**ABOUT THIS TASK:**
Repeat word for word the line with "Answer as one" and every line after it until the records below run out.

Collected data
______________________________

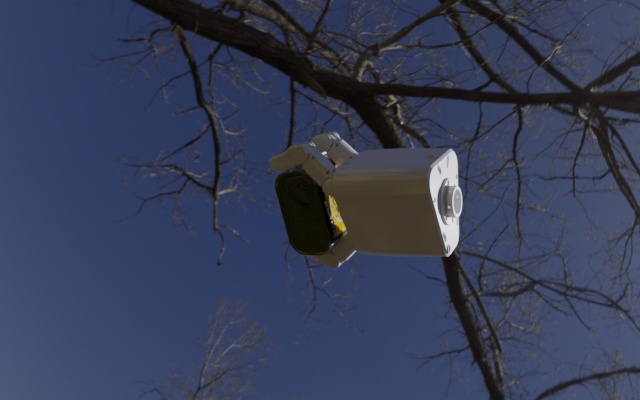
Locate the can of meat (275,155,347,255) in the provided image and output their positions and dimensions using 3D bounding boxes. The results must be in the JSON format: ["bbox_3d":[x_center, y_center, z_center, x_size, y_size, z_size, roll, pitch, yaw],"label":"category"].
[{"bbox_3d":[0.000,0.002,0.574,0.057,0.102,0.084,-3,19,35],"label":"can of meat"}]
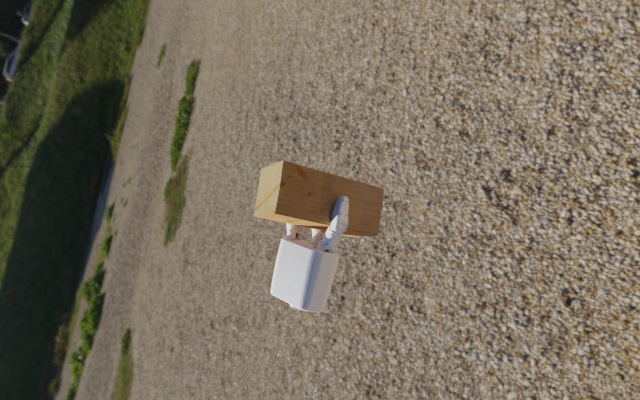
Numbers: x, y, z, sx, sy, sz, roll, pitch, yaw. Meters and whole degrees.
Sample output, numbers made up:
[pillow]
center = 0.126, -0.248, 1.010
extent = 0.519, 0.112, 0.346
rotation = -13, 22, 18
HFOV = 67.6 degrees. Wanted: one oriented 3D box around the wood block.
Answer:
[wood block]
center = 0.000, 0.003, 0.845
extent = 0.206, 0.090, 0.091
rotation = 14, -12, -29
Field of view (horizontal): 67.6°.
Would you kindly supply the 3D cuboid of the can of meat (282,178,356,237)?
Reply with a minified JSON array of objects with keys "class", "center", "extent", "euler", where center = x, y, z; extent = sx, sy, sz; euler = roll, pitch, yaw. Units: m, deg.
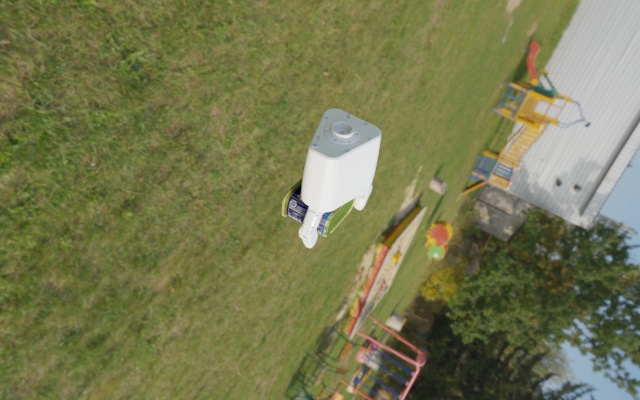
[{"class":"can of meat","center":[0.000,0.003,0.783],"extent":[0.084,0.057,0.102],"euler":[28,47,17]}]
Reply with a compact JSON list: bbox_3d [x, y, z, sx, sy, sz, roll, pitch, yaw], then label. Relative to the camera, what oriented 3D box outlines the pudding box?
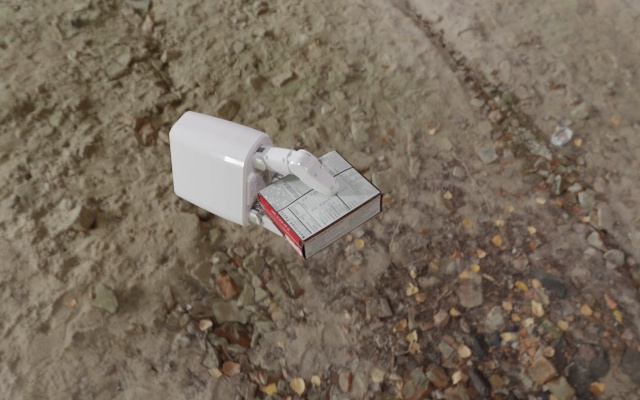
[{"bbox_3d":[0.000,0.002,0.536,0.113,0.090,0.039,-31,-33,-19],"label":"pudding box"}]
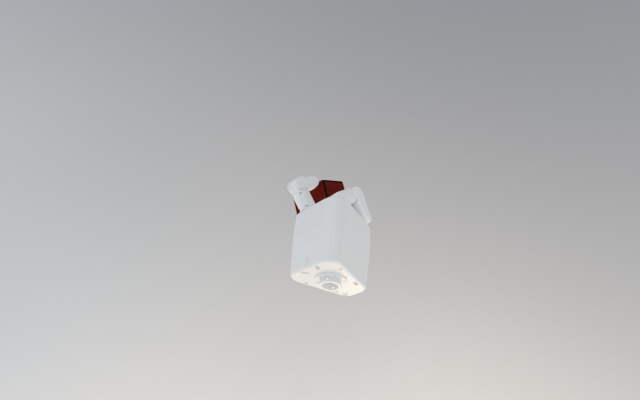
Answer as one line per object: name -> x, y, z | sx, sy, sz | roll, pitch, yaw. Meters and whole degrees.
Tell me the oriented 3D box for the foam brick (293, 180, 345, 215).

______________________________

**WRITTEN SOLUTION:**
Answer as one line per object: name -> x, y, z | sx, sy, sz | roll, pitch, yaw. Meters and whole degrees.
Tell me the oriented 3D box for the foam brick (293, 180, 345, 215).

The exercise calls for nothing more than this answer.